Re: WC 150K Post Challenge - You Ready?!
So here's my initial take on Wear 2.0:
"Six of one, half a dozen of the other." This is an old Jamaican phrase I used to a lot to refer to, among other things, more of the same.
I used it today on a test run to an initial interview. Here's the deal for me:
Pros - Seems to run a bit faster, less swiping in some spots, better usage of the screen layout in some areas. You can see Google put some work in to try to tweak the UI. You also get a sense there is a little bit more choice in how to use the UI as well.

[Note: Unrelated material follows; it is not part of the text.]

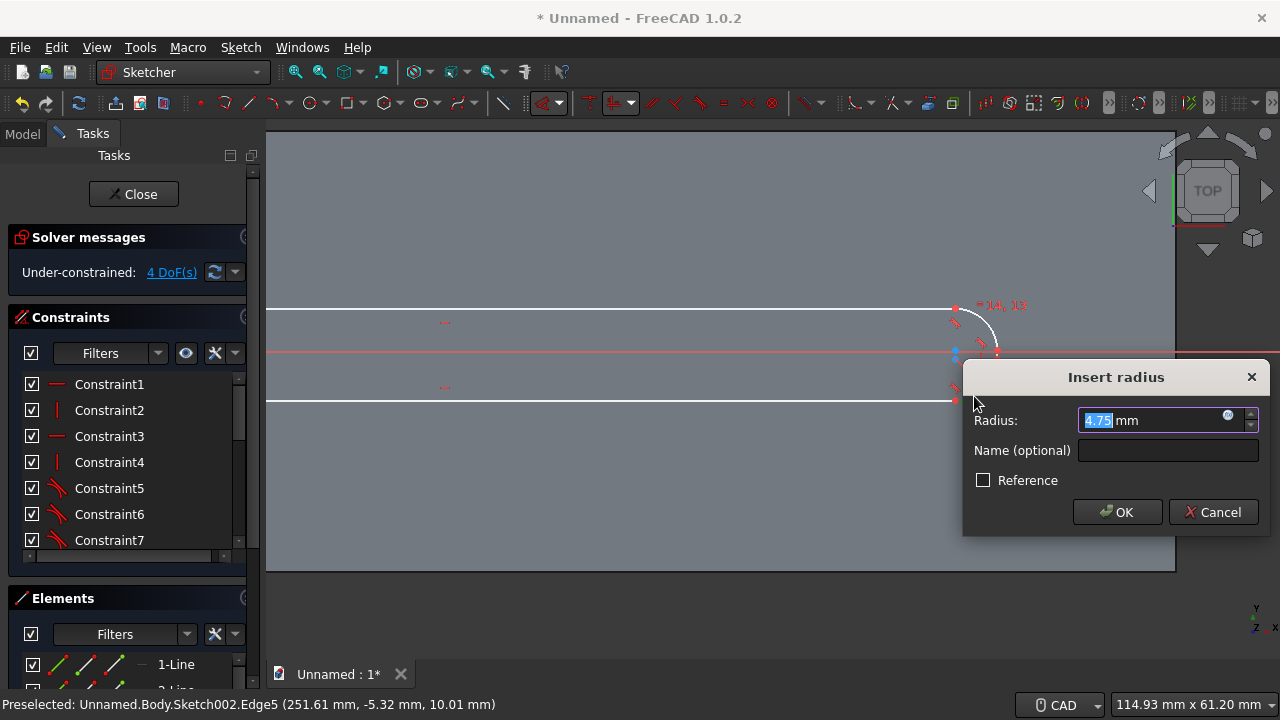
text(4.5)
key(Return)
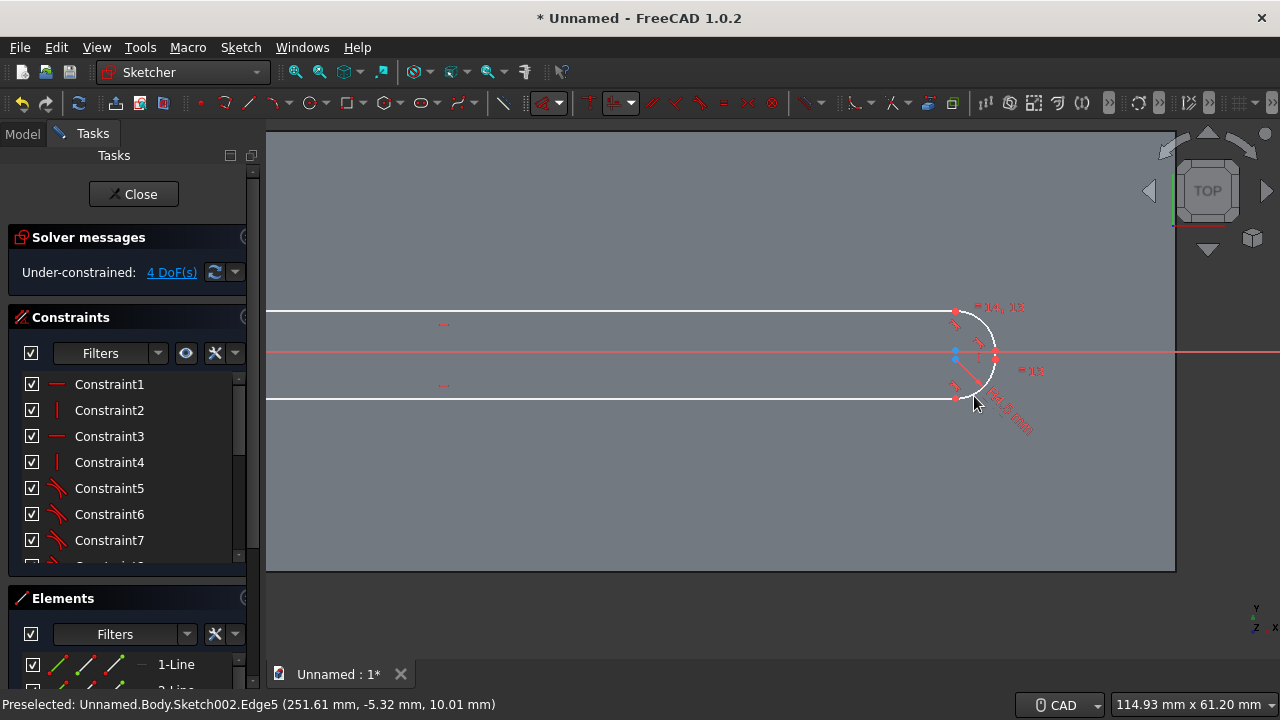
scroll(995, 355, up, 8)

Cons - Lost a lot of the information access at a glance/notification/voice driven aspect. I think Google was already pairing back from the voice driven input to some degree.
For all the tweaking in some spots to access some features faster, I still gotta dig for some stuff. For example, if I'm playing music on the phone, Wear 1.5 gives you the option of either pinning a card on the main screen for access or keeping it off screen where you swipe up to be able to pause and then swipe right to access volume, previous and next. Now, on Wear 2.0, because the notifications are now full screen, you have the convenience of having the previous + next + pause on one screen and volume one tap away. But because the system doesn't triage active notifications as priority any more, playing music puts it at the bottom of the pile (so you're scrolling multiple times to get to it).
With Wear 1.5, active notifications are triaged a little better, so if a text or an email comes in, it bumps the active music app down the list, but once you address that, the active music app goes up at the top of the notifications list. This allows a cleaner look where you can use your whole watch face (analog, digital or custom) or you can chop that look slightly just to have faster access to the music app. In Wear 2.0, the music controls if the app is active can be in your always on screen which is convenient, but that limits you to only the digital clock that comes on the top half of the music controls notification.
I hate how they screwed up the DND mode. That on Wear 1.5 triggered a silent mode on both the watch and phone. On Wear 2.0, you've got to put the phone and the watch in DND separately. Now, the drawback with the Wear 1.5 DND mode is I couldn't get audio output (listen music or watch a video and get sound with phone in DND mode), but that DND mode is nice for my line of work... especially with the vibration motor on the Huawei watch bone rattling loud. I'd rather them add that mode back under a different name. I also don't like the idea of the app push where now you've got to update the apps on the watch separately. On WiFi that obviously runs faster, and in Bluetooth it's a pain.
Who was the knucklehead who decided reading threaded text messages at the bottom for new replies was a good idea? Under Wear 1.5, you saw the newest message at the top of the thread first. Now you have to read through all the old messages to get to the new stuff at the bottom. Yeah, really smart on that one. I'm better off pulling out my phone instead of super scrolling on my wrist like an ***.
Meh - switching from white to grey as the dominant design color; adding a keyboard as an input option; adding an app store; Google Assistant on the watch.
TBD: battery life.
My biggest issue is how Google is currently shaping this as an IoT important category. Clearly these changes are pushed to have watches run without using internet via the phone. Both my watches are likely obsolete next year...but the problem is there isn't enough to push OEMs to make new hardware. We'll see how the year ends, but this feels like more of the same.
I just think that without the right mix of hardware and better tweaked software, people won't buy Wear devices. Plus Google's rollout of 2.0 to the older watches was handled "hella horribly".
So I'll keep the Huawei watch on 2.0 and the Moto 360 on 1.5 for now.